Agrandissement : Illustration 1
La boutique n'est éclairée que par les lampadaires de la rue. Fin octobre, la nuit s'étend, déborde sur le matin : il fait frais. Du côté du port, les poissonniers vendent tôt dans leurs grands tabliers en toile cirée blanche. Océane voit les étals illuminés, la glace, les gros poissons. Plus loin, les mâts agglutinés des bateaux. Elle regarde les passants se presser, conduire leurs enfants à l'école, démarrer leur voiture : la vitrine est comme un écran sur lequel la vie des gens est projetée, le même film mais différent tous les jours. Elle aime l'aube et ce moment suspendu, juste avant l'ouverture. Elle n'allume pas et se tient immobile parmi les bouquets serrés les uns contre les autres, qui font des masses d'ombres aux reflets colorés. Elle inspire l'odeur humide des végétaux, leurs parfums mêlés de pourriture et de senteurs sucrées. Mais Océane ne peut rester debout trop longtemps. Elle s’assoit sur le tabouret à sa hauteur que la patronne a commandé spécialement pour elle. Elle prend des forces avant que ça commence : ouvrir la porte, sortir les plantes et les fleurs pour les disposer joliment contre la devanture.
Quand elle s'est réveillée à l'hôpital et qu'on lui a appris qu'elle vivrait dorénavant sur une jambe mais qu'il existait aujourd'hui des prothèses fantastiques pour appareiller le membre amputé, elle n'a pas réalisé tout de suite. Donc, elle était vivante, c'est à cela qu'elle a pensé : sa vie continuait. Elle se souvenait de cette petite route à travers la campagne, qu'elle connaît trop bien, des lacets bordés de haies épineuses et d'arbres feuillus, jamais très hauts. Tout ce vert qui sent si bon après la pluie. Le bitume était luisant et elle roulait trop vite, juste un peu trop vite, sur la mobylette qui tient mal la route. Elle n'a pas vu la voiture arriver. Elle se rappelle du choc et puis plus rien. Vivante oui, mais la jambe droite écrasée, fichue. Un corps qui n'est plus tout à fait le sien.
Océane a fait sa rentrée en retard. Elle avait peur que la patronne ne veuille plus d'elle : une apprentie cassée, handicapée à vie. La fleuriste a hésité mais, puisque la jeune femme désirait tant faire ce métier, elle était d'accord pour un essai, puis elle l'a gardée. Le ciel s'est éclairci quand tinte le grelot fixé à la porte vitrée qu'Océane cale à l'aide d'une pièce de bois. Elle tire les chariots de chrysanthèmes et d'hellébores, les cyclamens, les azalées, le présentoir des fleurs coupées et les dispose sur le trottoir : les glaïeuls et les lys derrière. Elle contemple les bruyères en fleur qui lui rappellent un beau poème et l'une de ses réussites scolaires : la récitation. Le vent venu de la mer apporte avec lui le sel et les cris des mouettes. Il va faire beau.
Océane sursaute. La camionnette klaxonne puis stoppe en double file. Rémi fait claquer la portière, ouvre à l'arrière, porte les cartons qu'il va poser à l'intérieur. Je crois bien que toutes ces roses sont pour toi! Rémi sourit à Océane qui signe le bon de livraison sur la tablette qu'il lui tend. Elle se sent légère quand c'est Rémi qui livre, mais il n'est pas toujours là. Je suis le livreur aux semelles de vent, lui a dit Rémi qui aime le surf et ne travaille que pour partir. Rémi, si libre sur ses semelles de vent, songe Océane qui voudrait tant qu'il reste un peu ; mais la camionnette déjà s'éloigne.
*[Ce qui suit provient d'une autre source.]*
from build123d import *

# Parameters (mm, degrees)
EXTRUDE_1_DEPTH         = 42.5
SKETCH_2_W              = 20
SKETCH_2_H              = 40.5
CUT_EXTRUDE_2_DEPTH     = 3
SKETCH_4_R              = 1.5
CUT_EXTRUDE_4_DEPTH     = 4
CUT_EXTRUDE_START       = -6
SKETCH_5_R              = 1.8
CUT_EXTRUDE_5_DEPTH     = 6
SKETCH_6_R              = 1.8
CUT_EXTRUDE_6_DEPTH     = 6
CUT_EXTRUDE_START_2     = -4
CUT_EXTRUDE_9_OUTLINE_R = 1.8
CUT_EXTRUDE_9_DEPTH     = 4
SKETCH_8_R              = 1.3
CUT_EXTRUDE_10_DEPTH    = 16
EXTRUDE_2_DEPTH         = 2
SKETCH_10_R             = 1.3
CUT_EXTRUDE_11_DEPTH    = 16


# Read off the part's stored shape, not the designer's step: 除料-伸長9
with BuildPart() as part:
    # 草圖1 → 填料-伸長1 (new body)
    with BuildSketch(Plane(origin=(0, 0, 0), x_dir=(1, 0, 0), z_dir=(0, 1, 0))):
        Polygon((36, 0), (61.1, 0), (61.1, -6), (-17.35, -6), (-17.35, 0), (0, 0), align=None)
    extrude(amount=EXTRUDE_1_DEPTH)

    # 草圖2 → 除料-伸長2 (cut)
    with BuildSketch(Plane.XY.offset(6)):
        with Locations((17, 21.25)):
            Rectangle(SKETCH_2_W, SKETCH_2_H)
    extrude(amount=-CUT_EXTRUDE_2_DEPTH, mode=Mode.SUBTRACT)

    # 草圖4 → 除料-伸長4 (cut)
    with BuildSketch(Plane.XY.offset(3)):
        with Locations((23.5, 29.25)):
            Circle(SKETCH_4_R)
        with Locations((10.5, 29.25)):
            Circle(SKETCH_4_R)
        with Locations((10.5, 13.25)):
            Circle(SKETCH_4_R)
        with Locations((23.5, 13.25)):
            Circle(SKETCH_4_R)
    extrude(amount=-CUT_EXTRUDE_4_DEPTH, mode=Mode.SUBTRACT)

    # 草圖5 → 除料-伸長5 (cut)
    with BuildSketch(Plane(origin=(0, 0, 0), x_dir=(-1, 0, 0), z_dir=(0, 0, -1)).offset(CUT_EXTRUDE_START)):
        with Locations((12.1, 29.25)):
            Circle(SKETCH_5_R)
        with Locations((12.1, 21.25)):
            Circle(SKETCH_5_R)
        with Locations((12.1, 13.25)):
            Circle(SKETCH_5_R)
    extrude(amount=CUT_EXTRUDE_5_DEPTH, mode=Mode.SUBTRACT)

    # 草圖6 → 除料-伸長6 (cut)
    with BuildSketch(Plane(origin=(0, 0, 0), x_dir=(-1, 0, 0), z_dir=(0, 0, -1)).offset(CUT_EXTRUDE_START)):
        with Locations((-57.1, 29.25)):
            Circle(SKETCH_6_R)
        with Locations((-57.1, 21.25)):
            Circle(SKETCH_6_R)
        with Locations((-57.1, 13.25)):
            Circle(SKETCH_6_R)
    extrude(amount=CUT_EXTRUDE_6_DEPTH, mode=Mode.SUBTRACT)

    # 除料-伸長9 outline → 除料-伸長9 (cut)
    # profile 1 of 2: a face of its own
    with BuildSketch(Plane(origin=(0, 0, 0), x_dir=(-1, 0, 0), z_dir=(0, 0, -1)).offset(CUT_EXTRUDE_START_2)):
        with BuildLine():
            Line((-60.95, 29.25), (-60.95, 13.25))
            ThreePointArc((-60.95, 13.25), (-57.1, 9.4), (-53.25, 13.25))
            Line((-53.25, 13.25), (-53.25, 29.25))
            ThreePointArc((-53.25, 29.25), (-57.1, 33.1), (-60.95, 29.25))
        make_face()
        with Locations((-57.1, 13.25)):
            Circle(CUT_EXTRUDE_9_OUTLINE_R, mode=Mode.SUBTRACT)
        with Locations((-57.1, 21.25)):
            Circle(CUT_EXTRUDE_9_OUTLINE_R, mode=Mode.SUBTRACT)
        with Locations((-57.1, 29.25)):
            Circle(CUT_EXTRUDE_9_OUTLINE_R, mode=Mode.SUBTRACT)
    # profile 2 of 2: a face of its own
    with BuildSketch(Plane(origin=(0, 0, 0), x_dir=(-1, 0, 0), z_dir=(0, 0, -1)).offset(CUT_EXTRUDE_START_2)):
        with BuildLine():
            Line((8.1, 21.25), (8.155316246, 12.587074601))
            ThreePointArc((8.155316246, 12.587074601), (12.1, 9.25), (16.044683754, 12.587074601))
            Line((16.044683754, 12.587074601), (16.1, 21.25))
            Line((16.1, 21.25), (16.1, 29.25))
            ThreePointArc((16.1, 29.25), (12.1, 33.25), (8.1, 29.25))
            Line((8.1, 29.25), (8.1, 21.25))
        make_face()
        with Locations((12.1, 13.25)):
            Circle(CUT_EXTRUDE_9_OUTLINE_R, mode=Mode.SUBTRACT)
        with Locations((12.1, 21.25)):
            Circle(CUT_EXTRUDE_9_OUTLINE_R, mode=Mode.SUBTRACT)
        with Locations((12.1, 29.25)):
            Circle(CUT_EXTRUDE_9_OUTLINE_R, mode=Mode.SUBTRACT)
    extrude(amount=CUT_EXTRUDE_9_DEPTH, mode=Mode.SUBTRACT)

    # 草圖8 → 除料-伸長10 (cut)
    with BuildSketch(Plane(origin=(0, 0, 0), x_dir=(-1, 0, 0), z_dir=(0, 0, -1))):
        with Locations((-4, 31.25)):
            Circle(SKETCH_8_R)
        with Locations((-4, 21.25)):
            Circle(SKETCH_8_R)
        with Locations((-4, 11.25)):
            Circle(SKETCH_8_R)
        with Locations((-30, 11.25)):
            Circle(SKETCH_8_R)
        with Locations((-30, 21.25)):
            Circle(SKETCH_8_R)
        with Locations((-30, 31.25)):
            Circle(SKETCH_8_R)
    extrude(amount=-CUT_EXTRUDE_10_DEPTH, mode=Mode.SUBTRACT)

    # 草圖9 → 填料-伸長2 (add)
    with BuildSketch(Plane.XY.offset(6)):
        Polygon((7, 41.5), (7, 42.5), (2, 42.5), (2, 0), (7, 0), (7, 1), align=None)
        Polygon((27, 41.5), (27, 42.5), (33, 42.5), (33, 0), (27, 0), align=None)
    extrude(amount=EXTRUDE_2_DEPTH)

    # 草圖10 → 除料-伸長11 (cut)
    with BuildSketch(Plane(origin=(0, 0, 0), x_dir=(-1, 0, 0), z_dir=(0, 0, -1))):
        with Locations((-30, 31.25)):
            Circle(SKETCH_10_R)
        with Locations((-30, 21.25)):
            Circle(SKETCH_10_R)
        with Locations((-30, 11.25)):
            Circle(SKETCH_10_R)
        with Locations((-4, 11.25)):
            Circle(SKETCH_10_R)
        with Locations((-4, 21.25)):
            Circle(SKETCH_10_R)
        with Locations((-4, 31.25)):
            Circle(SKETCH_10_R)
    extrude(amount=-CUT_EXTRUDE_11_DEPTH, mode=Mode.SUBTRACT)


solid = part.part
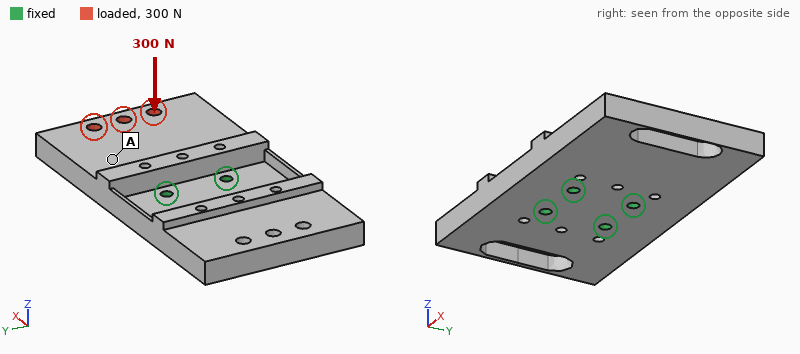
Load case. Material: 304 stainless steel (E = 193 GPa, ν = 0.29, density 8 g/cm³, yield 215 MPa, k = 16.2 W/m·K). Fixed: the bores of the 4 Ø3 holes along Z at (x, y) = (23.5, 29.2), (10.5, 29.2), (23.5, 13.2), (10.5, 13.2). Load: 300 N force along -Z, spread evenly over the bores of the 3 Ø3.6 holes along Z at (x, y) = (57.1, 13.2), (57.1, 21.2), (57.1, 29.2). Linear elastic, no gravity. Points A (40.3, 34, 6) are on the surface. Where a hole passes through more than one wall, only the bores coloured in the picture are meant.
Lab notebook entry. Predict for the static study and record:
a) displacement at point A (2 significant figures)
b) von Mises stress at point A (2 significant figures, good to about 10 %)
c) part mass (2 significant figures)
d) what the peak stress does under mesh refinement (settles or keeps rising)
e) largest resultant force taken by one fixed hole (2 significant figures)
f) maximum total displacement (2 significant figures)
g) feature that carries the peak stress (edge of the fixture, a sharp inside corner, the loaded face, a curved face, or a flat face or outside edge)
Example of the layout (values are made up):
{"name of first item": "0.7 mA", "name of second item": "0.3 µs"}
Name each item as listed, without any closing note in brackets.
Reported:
{"displacement at point A": "0.038 mm", "von Mises stress at point A": "20 MPa", "part mass": "130 g", "what the peak stress does under mesh refinement": "keeps rising", "largest resultant force taken by one fixed hole": "340 N", "maximum total displacement": "0.10 mm", "feature that carries the peak stress": "edge of the fixture"}
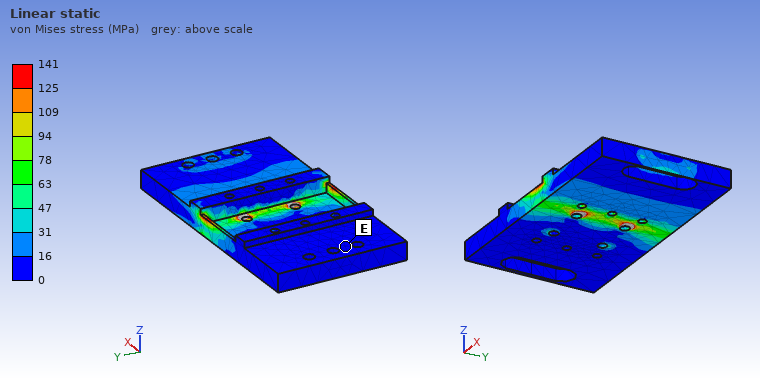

Océane s'installe sur le tabouret et se saisit de l'épinoir. Quand la patronne arrivera, le boulot sera bien fait. Elle prend délicatement la première rose par la tige et se cabre, se débat par la pensée : surtout ne pas laisser grandir la douleur fantôme, ce couteau acéré planté dans la chair de sa jambe disparue. Elle imagine qu'elle part avec Rémi. Il lui a dit qu'un jour il l'emmènerait se promener dans les si beaux jardins de l'Angleterre, et il regardait vers le large.